- Born: 16 June 1950 Southampton, United Kingdom
- Died: 10 July 2022 (aged 72)
- Occupations: Classical pianist, music educator

= Andrew Ball (pianist) =

British pianist (1950–2022)

Andrew Ball (16 June 1950 – 10 July 2022) was a British pianist. He was best known for his interpretations of Michael Tippett's piano sonatas, which he studied with the composer.

==Education==
Ball was born in Southampton and was educated at Barton Peveril Grammar School in Eastleigh. One of his first appearances as a pianist was with the Havant Chamber Orchestra in 1966. He studied music at Queen’s College, Oxford and then at the Royal College of Music in London with Kendall Taylor, Maurice Cole and David Wilde.

==Performer==
Ball made his professional debut in London on 4 June 1974 at the Wigmore Hall, playing Clementi, Schumann, Chopin, Debussy and Prokofiev. After studying the sonatas of Michael Tippett with the composer he frequently performed the works as a complete cycle. He also recorded the complete Tippett song cycles with the tenor Martyn Hill. Other works in his repertoire included Sofia Gubaidulina's Piano Sonata (British premiere at the Bath Festival in 1987) and Olivier Messiaen's Couleurs de la Cite Celeste at the BBC Proms in 1995. For BBC Radio he performed Ferruccio Busoni's Fantasia Contrappuntistica in 1988.
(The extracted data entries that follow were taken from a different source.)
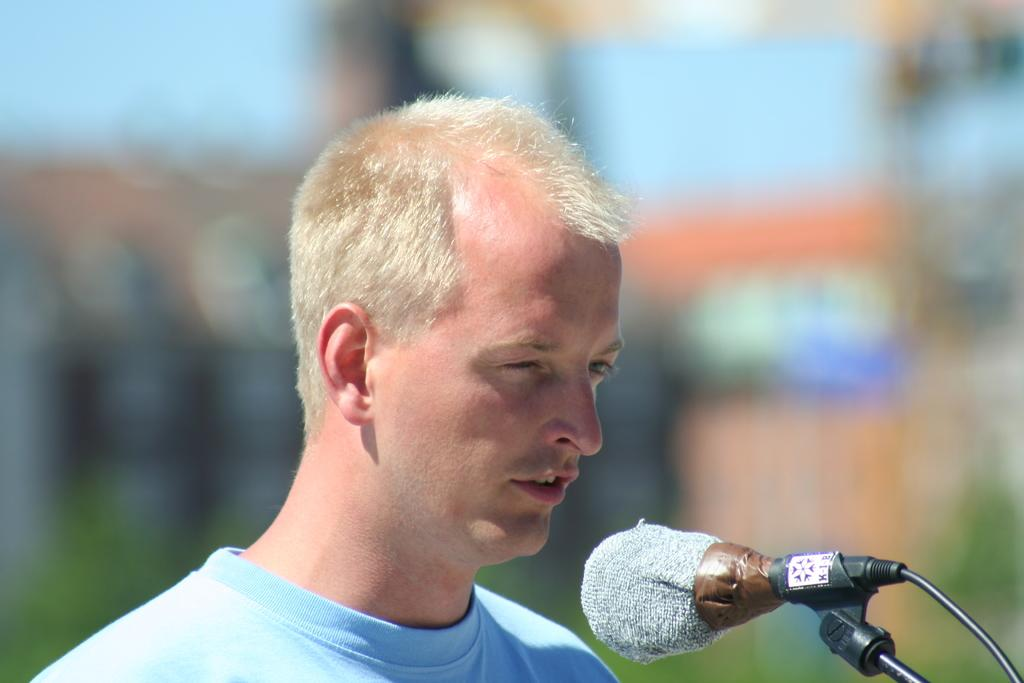Who or what is the main subject of the image? There is a person in the image. What object is in front of the person? There is a microphone in front of the person. Can you describe the background of the image? The background of the image is blurred. What type of engine can be seen in the background of the image? There is no engine present in the image; the background is blurred. What story is the person telling into the microphone in the image? The image does not provide any information about the person's story or what they might be saying into the microphone. 
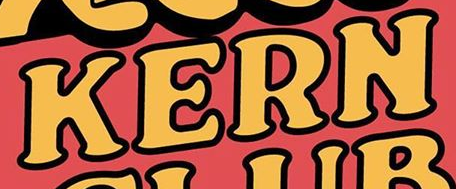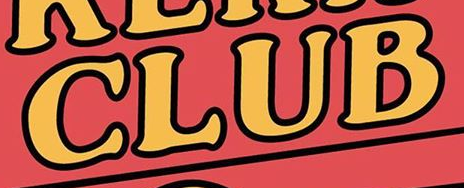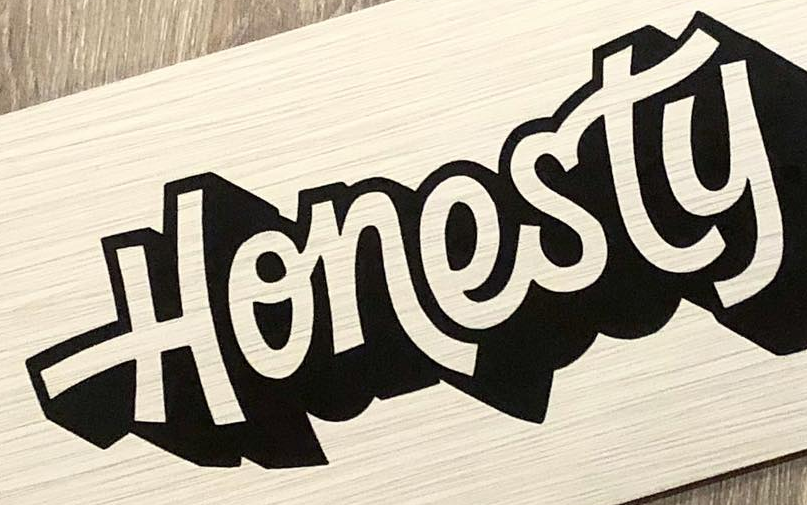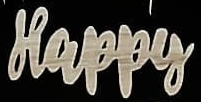What text is displayed in these images sequentially, separated by a semicolon? KERN; CLUB; Honesty; Happy 
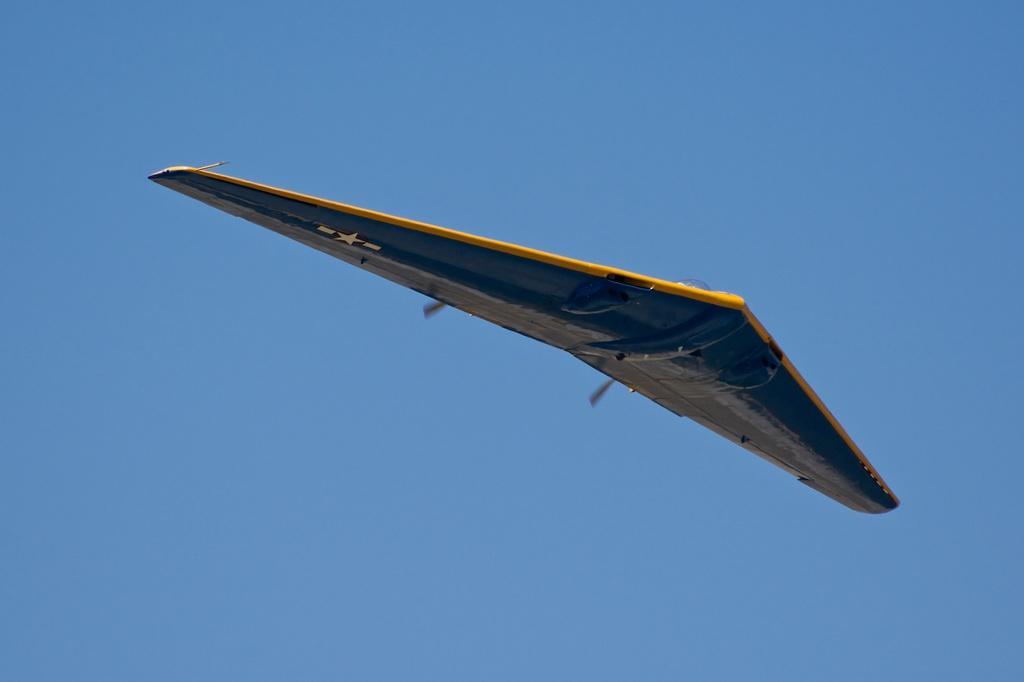Please provide a concise description of this image. In the image we can see a flying jet in the air and a blue sky. 
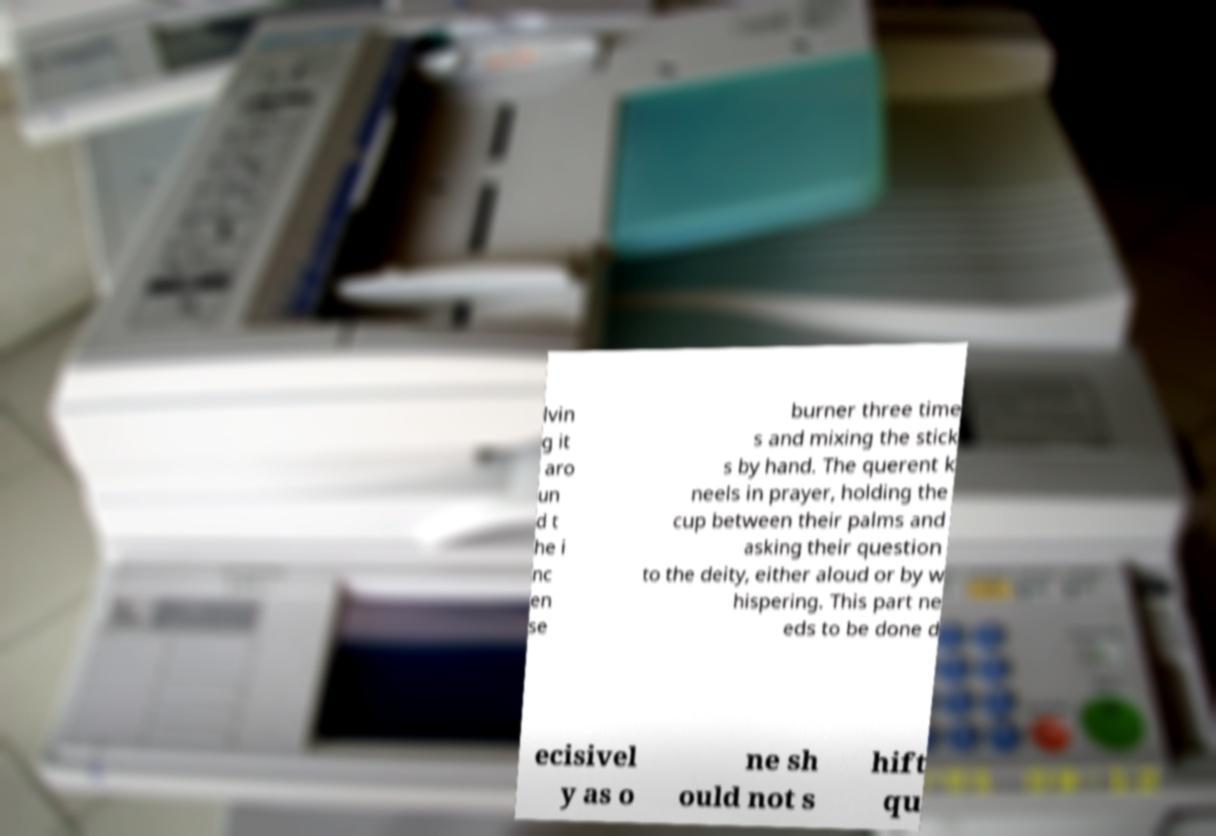Could you assist in decoding the text presented in this image and type it out clearly? lvin g it aro un d t he i nc en se burner three time s and mixing the stick s by hand. The querent k neels in prayer, holding the cup between their palms and asking their question to the deity, either aloud or by w hispering. This part ne eds to be done d ecisivel y as o ne sh ould not s hift qu

Ball played chamber music with the Villiers Quartet, the London Sinfonietta and the Nash Ensemble, and also for many years as a duo with violinist Madeleine Mitchell. There was also a partnership with the clarinettist David Campbell, an old school friend. His recordings include the piano music of Billy Mayerl, John Casken and (with Julian Jacobson) the two-piano music of Roberto Gerhard. With Detlef Hahn he recorded music for violin and piano by Korngold. His 2010 album Out of the Cool with flautist Susan Milan featured music by British composers, including Richard Rodney Bennett, Arthur Butterworth, David Heath, Cecilia McDowall and Robert Saxton.

==Teacher==
As a teacher, Ball was initially on the staff at the Guildhall School of Music and Drama before becoming head of keyboard at the Royal College of Music between 1999 and 2005, where he was made a Fellow of the College in 2006 and subsequently stayed on as a professor of piano until 2021. He was also an adjudicator, and gave masterclasses in Germany, China, Japan and the USA. Teaching, rather than performing, became his primary focus after he was diagnosed with Parkinson's disease in 2012.